Input data Start Marker
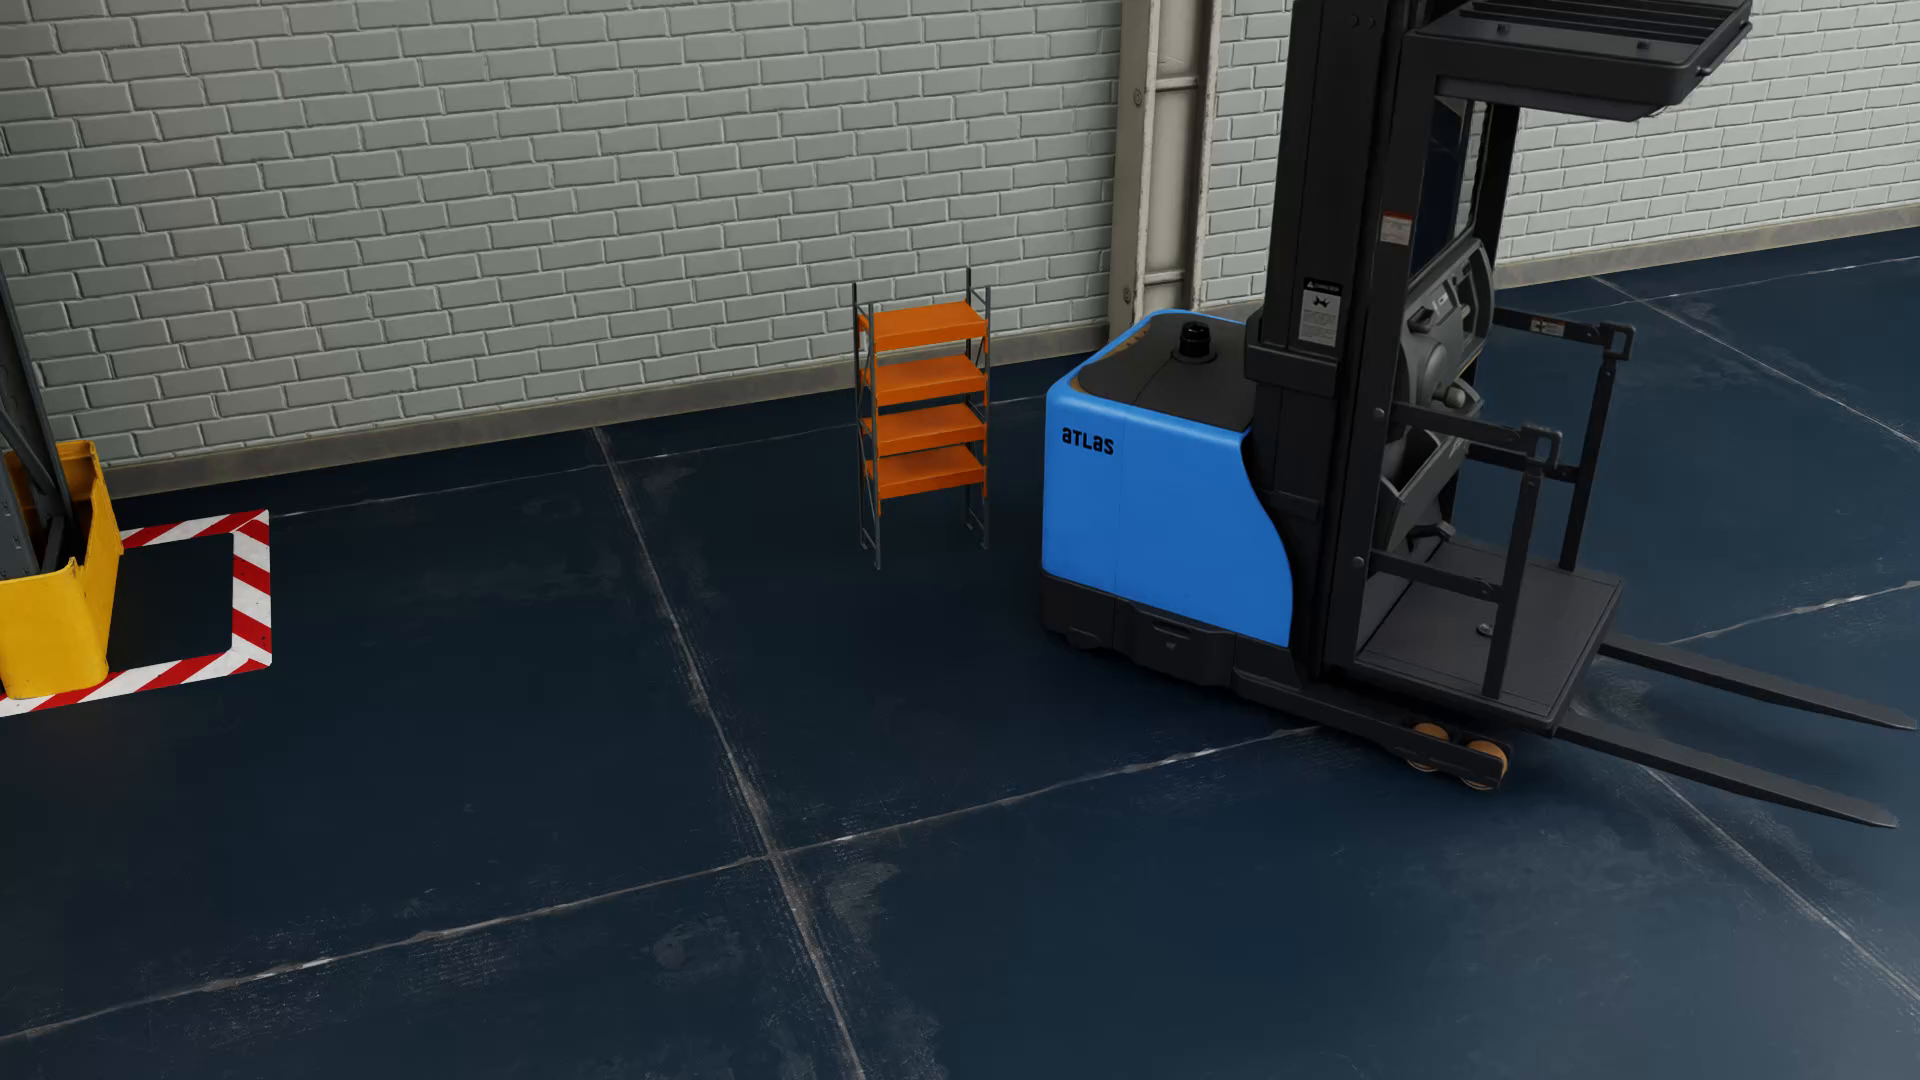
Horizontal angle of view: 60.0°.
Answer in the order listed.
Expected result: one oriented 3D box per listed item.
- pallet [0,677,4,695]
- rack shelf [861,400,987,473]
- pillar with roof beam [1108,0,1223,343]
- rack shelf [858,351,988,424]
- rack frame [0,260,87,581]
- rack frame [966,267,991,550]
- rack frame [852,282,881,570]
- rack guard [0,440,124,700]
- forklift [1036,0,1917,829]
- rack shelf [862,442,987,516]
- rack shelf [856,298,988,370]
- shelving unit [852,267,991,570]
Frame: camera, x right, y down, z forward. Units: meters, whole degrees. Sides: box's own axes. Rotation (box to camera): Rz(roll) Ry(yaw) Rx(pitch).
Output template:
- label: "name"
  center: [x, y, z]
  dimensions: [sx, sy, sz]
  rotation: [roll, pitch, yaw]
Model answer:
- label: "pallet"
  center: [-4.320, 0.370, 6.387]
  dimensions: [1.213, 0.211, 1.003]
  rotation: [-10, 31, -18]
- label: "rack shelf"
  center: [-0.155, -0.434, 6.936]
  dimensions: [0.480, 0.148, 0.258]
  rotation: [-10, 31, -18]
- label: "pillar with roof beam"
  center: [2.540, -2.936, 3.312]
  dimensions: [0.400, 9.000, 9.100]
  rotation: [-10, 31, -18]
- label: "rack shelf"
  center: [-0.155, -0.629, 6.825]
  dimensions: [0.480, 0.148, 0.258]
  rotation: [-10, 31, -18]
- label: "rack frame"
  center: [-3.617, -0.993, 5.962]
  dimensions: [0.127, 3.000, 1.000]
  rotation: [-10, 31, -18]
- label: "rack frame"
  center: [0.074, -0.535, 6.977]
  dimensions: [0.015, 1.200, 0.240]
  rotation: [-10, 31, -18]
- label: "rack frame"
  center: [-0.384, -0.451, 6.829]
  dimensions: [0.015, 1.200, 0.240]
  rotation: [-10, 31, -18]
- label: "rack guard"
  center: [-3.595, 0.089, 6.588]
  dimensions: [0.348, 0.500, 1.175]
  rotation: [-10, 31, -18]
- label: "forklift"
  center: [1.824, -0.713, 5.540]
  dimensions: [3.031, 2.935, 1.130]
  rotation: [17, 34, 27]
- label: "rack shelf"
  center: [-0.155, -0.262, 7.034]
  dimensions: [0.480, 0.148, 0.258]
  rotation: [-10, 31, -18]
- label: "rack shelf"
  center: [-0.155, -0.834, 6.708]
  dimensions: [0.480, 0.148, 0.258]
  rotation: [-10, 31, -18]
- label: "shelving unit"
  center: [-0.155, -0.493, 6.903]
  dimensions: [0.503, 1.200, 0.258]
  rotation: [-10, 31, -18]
Input data End Marker
### Task item
An exact copy of the lines above between the line holding "Frame: camera, x" and the line holding "rotation: [roll, pitch, yaw]", inclusive, is the whole answer.

### Output of the exercise
Frame: camera, x right, y down, z forward. Units: meters, whole degrees. Sides: box's own axes. Rotation (box to camera): Rz(roll) Ry(yaw) Rx(pitch).
Output template:
- label: "name"
  center: [x, y, z]
  dimensions: [sx, sy, sz]
  rotation: [roll, pitch, yaw]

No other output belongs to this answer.